I was able to bike to work just a single day of "Bike to Work" week earlier this month -- and biking in urban Boston is about as different as biking in Laos as you can get. Of course the roads are in much better shape. And of course there are more cars.
Here's what surprised me though. Through our entire 800 km in Vietnam and Laos, I never saw another recreational cyclist. I saw entire families on motorbikes (sometimes with a refrigerator or some other unlikely luggage). I saw small children on beat up single speed bikes. But I never saw another western cyclist (except the fellow riders and guides on our trip).

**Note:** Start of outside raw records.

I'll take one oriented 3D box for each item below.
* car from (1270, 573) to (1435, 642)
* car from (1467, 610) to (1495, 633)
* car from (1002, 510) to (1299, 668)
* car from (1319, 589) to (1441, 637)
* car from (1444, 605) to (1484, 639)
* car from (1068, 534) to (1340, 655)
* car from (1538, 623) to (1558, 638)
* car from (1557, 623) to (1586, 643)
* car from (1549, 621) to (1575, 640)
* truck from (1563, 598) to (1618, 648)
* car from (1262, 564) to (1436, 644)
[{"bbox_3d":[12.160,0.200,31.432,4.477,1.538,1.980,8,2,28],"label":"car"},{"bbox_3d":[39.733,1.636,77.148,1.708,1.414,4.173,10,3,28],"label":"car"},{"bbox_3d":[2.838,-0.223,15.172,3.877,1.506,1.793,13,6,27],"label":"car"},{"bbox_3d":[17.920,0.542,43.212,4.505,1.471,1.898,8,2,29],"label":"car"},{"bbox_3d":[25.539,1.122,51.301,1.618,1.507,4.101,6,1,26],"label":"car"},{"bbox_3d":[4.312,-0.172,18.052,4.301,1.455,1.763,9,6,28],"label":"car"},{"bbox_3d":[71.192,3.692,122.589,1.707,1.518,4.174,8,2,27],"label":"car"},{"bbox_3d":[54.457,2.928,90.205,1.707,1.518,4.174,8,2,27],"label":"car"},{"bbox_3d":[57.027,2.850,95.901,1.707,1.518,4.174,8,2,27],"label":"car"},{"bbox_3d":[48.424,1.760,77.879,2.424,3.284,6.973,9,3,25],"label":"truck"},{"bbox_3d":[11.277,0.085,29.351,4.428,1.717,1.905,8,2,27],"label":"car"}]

Boston, on the other hand, is full of recreational cyclists. Many ride bikes fancier and more expensive than mine, and a large portion of them, though not all, wear helmets.
But here's what they don't do. They don't obey "one way" signs. They don't slow down for stop signs. They don't push to the right if they are going slowly, and they don't call out "on your left" when they are speeding ahead.

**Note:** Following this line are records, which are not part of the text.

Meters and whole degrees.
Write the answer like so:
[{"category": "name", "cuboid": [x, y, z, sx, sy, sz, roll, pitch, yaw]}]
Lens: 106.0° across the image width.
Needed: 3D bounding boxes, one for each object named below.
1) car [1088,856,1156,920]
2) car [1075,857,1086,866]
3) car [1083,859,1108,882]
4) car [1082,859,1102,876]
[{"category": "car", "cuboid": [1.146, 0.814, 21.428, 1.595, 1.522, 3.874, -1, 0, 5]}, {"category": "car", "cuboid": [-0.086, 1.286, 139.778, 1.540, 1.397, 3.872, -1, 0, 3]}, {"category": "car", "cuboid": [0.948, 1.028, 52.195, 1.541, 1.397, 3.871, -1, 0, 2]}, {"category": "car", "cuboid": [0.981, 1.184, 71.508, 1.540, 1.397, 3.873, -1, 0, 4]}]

I miss the car-free miles on the roads in Laos. However, I am surprised to also miss the lack of fellow cyclists now that I'm back in the states.

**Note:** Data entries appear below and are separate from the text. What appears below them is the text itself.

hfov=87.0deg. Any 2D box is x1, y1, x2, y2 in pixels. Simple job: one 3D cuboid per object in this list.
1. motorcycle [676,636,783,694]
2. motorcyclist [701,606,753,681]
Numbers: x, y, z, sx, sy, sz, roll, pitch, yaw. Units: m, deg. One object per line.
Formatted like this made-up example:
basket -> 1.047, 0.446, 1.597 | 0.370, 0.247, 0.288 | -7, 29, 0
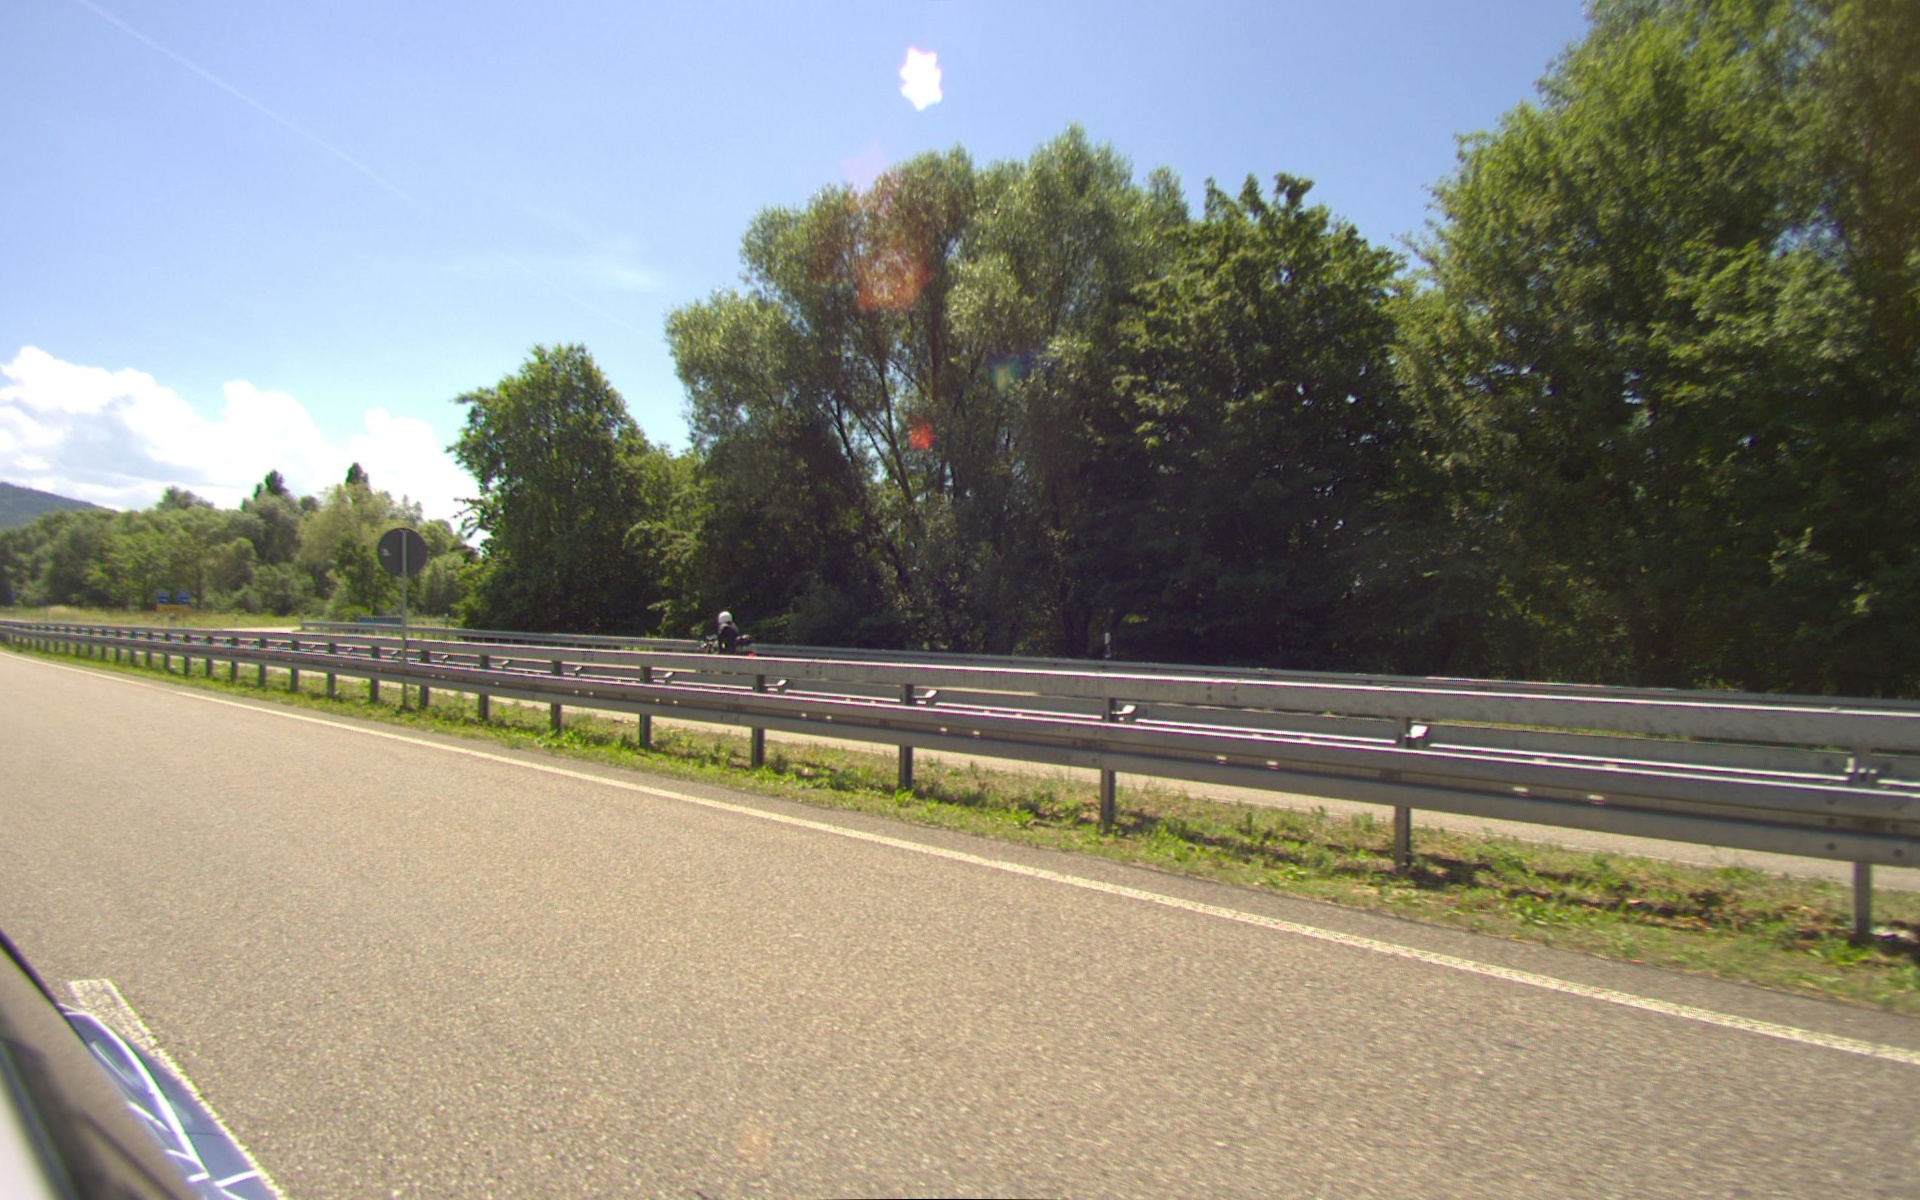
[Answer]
motorcycle -> -4.760, 1.304, 20.742 | 2.665, 1.072, 0.719 | -1, -1, 41
motorcyclist -> -4.792, 0.879, 20.785 | 0.809, 1.493, 0.710 | -1, -1, 42
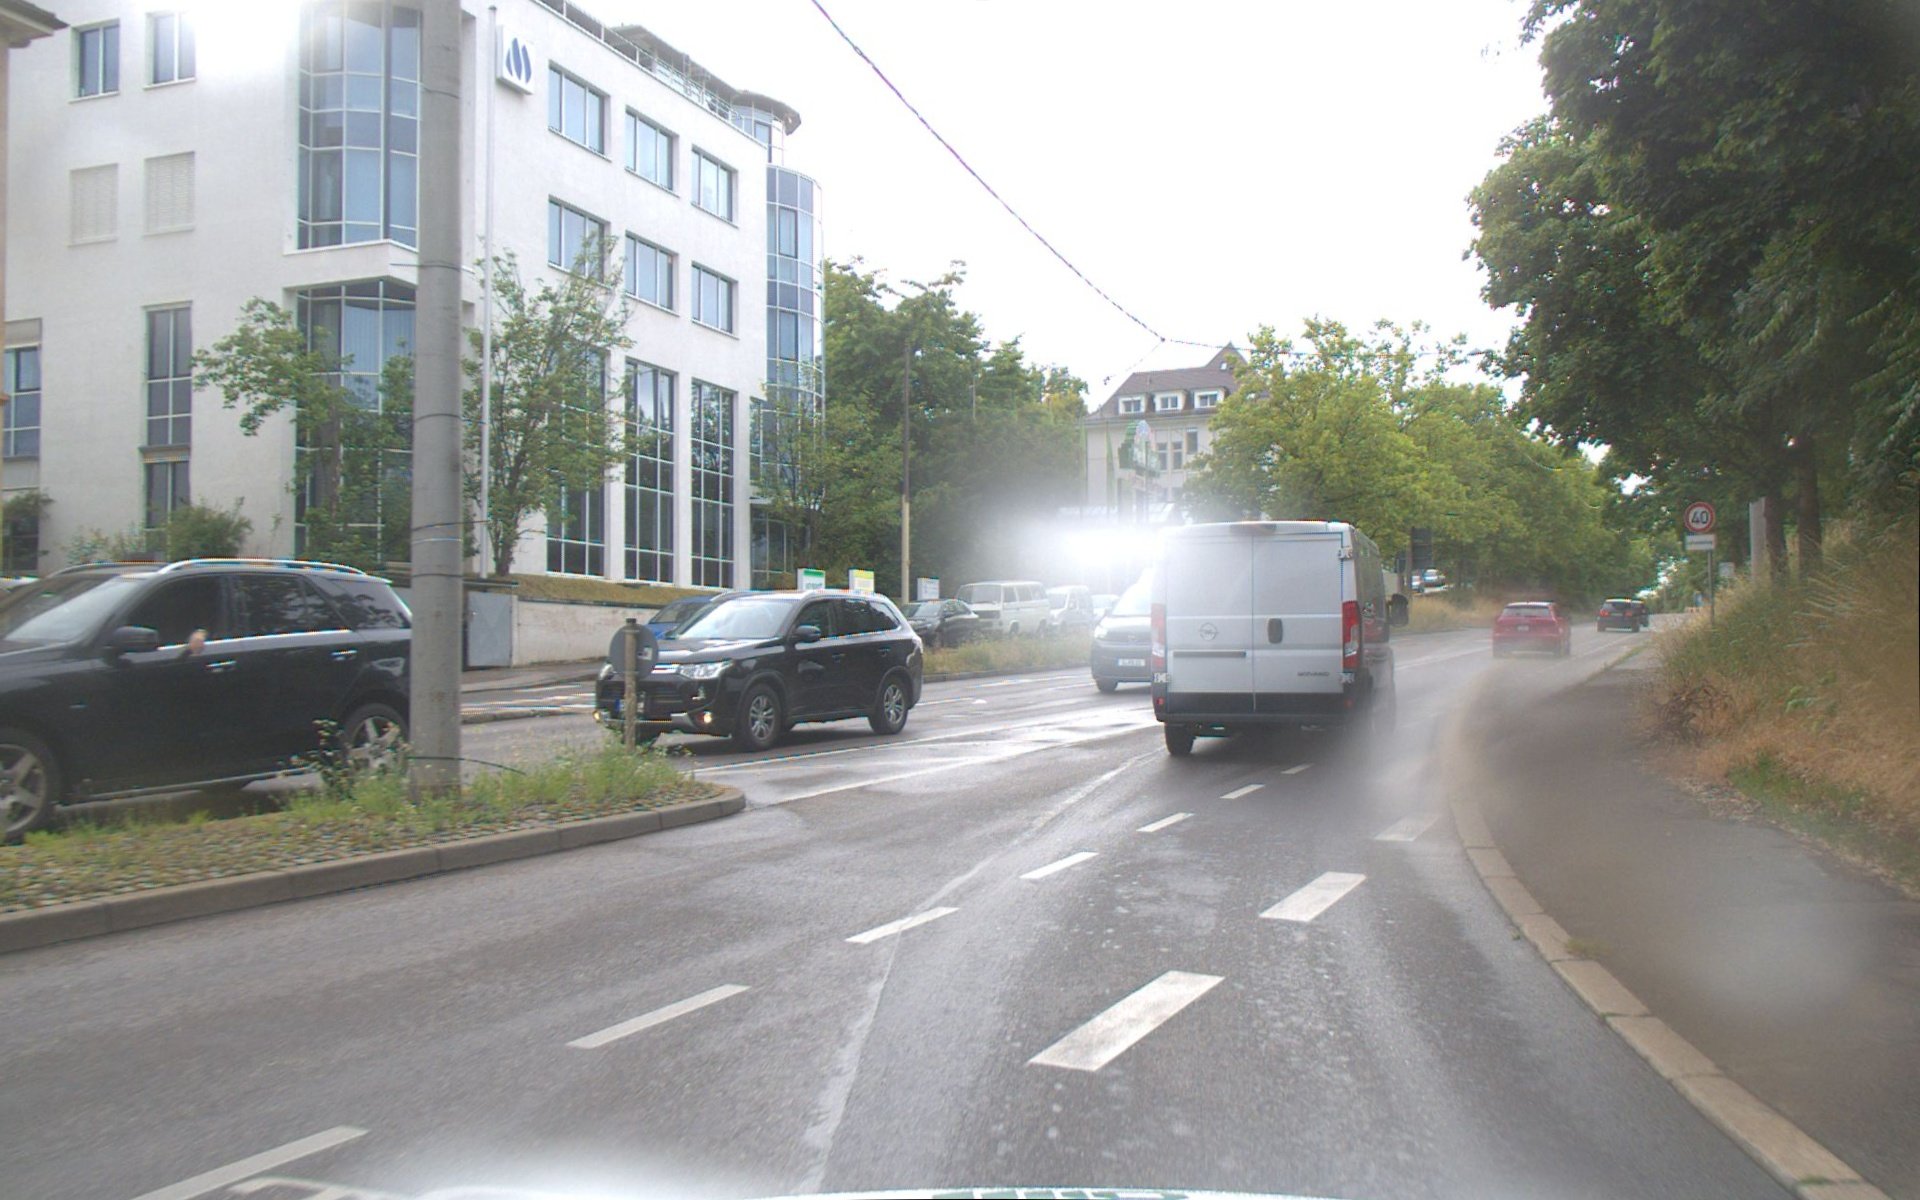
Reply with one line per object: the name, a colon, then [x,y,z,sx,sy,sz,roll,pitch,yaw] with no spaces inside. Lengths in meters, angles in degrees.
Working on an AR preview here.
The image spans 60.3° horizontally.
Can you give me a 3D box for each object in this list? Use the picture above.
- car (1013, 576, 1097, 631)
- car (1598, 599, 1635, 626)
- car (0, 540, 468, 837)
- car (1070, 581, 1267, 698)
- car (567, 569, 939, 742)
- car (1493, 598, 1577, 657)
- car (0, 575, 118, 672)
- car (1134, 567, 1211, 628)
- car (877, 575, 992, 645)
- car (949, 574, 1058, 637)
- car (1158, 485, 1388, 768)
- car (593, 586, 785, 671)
car: [3.209,0.091,54.972,1.559,1.725,3.780,-2,1,23]
car: [29.213,0.569,73.548,1.317,1.159,2.287,-1,-2,26]
car: [-5.768,0.530,11.410,1.917,1.727,4.620,-1,-1,27]
car: [3.822,0.646,29.454,1.975,1.899,5.037,-1,0,26]
car: [-2.075,0.613,18.088,1.656,1.633,4.721,-1,-2,28]
car: [14.922,0.724,42.835,1.660,1.451,3.364,0,-2,26]
car: [-17.318,0.475,30.415,2.980,1.705,1.715,-1,-2,22]
car: [9.170,-0.148,70.926,1.922,2.486,5.657,-2,1,21]
car: [-0.623,0.238,44.694,1.578,1.752,3.993,-2,1,23]
car: [1.383,0.134,50.884,1.735,1.776,4.582,-2,1,23]
car: [3.482,0.254,17.625,2.006,2.561,4.947,0,0,15]
car: [-5.512,0.549,34.285,1.654,1.561,4.671,-2,1,23]

The highlight of my ride home was a stop in Fresh Pond where a red-tailed hawk family has made a nest on a fascade of an office building. Here's a
link to a video from the Boston Globe. There is frequently a carnival around the office building, with a gaggle of onlookers, some with cameras that have lenses longer than my forearm. Even without binoculars you can see the parents and at least one of the chicks. This is a sight,of course, that you would never see in Laos!